When a sample statistic is used to estimate a population parameter, we call this statistic an estimator of the parameter. For example, when we use a sample mean to estimate a population mean, the sample mean is an estimator of the population mean. If the expected value of the sampling distribution of a statistic is equal to the value of the population parameter being estimated, we consider this statistic to be an unbiased estimator of the parameter. For instance, the mean of the sampling distribution of the means is equal to the population mean, therefore, the sample mean is an unbiased estimator of the population mean.

To be an unbiased estimator, a sample statistic should have two desired properties: (1) the sampling distribution of the statistic centers at the parameter, and (2) the statistic has a small standard error . Table 1 shows a list of unbiased estimators.

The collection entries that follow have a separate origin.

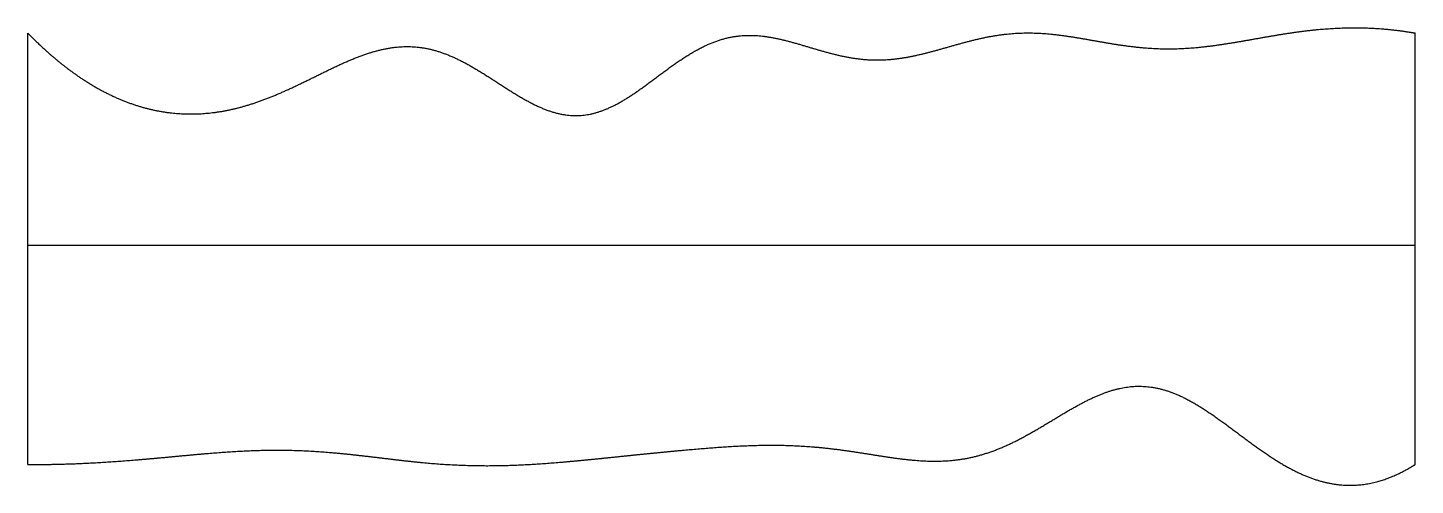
# Model space of a CAD drawing. Header units: millimetres. Extents: x 0 to 10, y -0.2 to 3.1.
import ezdxf

# ---------------------------------------------------------------- set-up
doc = ezdxf.new("R2010")
doc.units = ezdxf.units.MM
doc.layers.get('0').update_dxf_attribs({"linetype": 'CONTINUOUS'})

msp = doc.modelspace()

# ---------------------------------------------------------------- linework, layer by layer
for points in [[(0, 3.055), (0.037, 3.017), (0.112, 2.944), (0.224, 2.843), (0.376, 2.728), (0.568, 2.614), (0.762, 2.533), (0.959, 2.482), (1.158, 2.464), (1.359, 2.477), (1.561, 2.521), (1.764, 2.594), (1.967, 2.688), (2.17, 2.792), (2.373, 2.887), (2.575, 2.953), (2.777, 2.971), (2.978, 2.93), (3.177, 2.834), (3.376, 2.705), (3.572, 2.573), (3.767, 2.476), (3.96, 2.441), (4.152, 2.483), (4.343, 2.592), (4.534, 2.738), (4.727, 2.884), (4.922, 2.996), (5.121, 3.049), (5.322, 3.04), (5.525, 2.988), (5.73, 2.921), (5.935, 2.868), (6.139, 2.851), (6.342, 2.875), (6.544, 2.927), (6.746, 2.989), (6.948, 3.039), (7.15, 3.062), (7.353, 3.055), (7.557, 3.025), (7.76, 2.986), (7.964, 2.953), (8.168, 2.937), (8.372, 2.942), (8.575, 2.966), (8.778, 3.001), (8.982, 3.038), (9.185, 3.071), (9.388, 3.091), (9.592, 3.097), (9.755, 3.089), (9.877, 3.075), (9.959, 3.062), (10, 3.055)], [(0, -0.055), (0, 0.069), (0, 0.318), (0, 0.691), (0, 1.189), (0, 1.811), (0, 2.309), (0, 2.682), (0, 2.931), (0, 3.055)], [(10, -0.055), (10, 0.069), (10, 0.318), (10, 0.691), (10, 1.189), (10, 1.811), (10, 2.309), (10, 2.682), (10, 2.931), (10, 3.055)], [(0, 1.527), (0.4, 1.527), (1.2, 1.527), (2.4, 1.527), (4, 1.527), (6, 1.527), (7.6, 1.527), (8.8, 1.527), (9.6, 1.527), (10, 1.527)], [(0, -0.055), (0.04, -0.055), (0.121, -0.055), (0.242, -0.053), (0.403, -0.048), (0.605, -0.036), (0.807, -0.02), (1.009, -0.002), (1.211, 0.018), (1.413, 0.035), (1.615, 0.047), (1.817, 0.051), (2.019, 0.045), (2.22, 0.03), (2.422, 0.008), (2.623, -0.017), (2.825, -0.041), (3.026, -0.057), (3.228, -0.065), (3.43, -0.064), (3.632, -0.055), (3.834, -0.04), (4.036, -0.021), (4.238, 0), (4.44, 0.021), (4.641, 0.041), (4.843, 0.059), (5.044, 0.075), (5.245, 0.085), (5.447, 0.086), (5.649, 0.076), (5.851, 0.054), (6.054, 0.022), (6.257, -0.012), (6.46, -0.035), (6.662, -0.034), (6.863, 0.002), (7.063, 0.078), (7.26, 0.186), (7.456, 0.309), (7.65, 0.422), (7.842, 0.5), (8.032, 0.524), (8.223, 0.486), (8.413, 0.393), (8.604, 0.26), (8.796, 0.112), (8.99, -0.028), (9.186, -0.138), (9.385, -0.204), (9.587, -0.217), (9.751, -0.181), (9.875, -0.128), (9.958, -0.081), (10, -0.055)]]:
    msp.add_open_spline(points, degree=5)

doc.saveas('drawing.dxf')

We use a sample mean to estimate the population mean, use a sample proportion to estimate the population proportion, and use a sample standard deviation to estimate the population standard deviation. When we select samples of a given size from a population repeatedly, we get different sample statistics. The listing of all values of a sample statistic forms a distribution that is called the sampling distribution of the sample statistics. An example of this is the sampling distribution of the means. Table 2 presents the relationships between the characteristics of a sampling distribution and population parameters. If the population standard deviation is unknown, we can use a sample standard deviation as an unbiased estimator of the parameter. If the population proportion is unknown, we can use a sample proportion as an unbiased estimator of the parameter. There are two types of parameter estimation: point estimation and interval estimation. The point estimation determines a single value to infer an unknown parameter, and the interval estimation constructs an interval of plausible values for an unknown parameter. The estimation is based on a sample rather than the entire population and thus the mean or proportion of a sample likely differs from the true population mean or the true population proportion. In addition, sample statistics vary from sample to sample. An interval estimate is broader and probably more accurate than a point estimate. The purposes of data analysis have an influence on selecting an estimation type.

#### 1.2 Point Estimation

When we use a sample mean, a sample proportion, and a sample standard deviation to estimate the population mean, the population proportion and the population standard deviation, respectively, we are in each case using a point estimate of the parameter in question . The process of using a sample statistic to estimate the corresponding population parameter is called point estimation, and the value of the statistic is referred to as a point estimate.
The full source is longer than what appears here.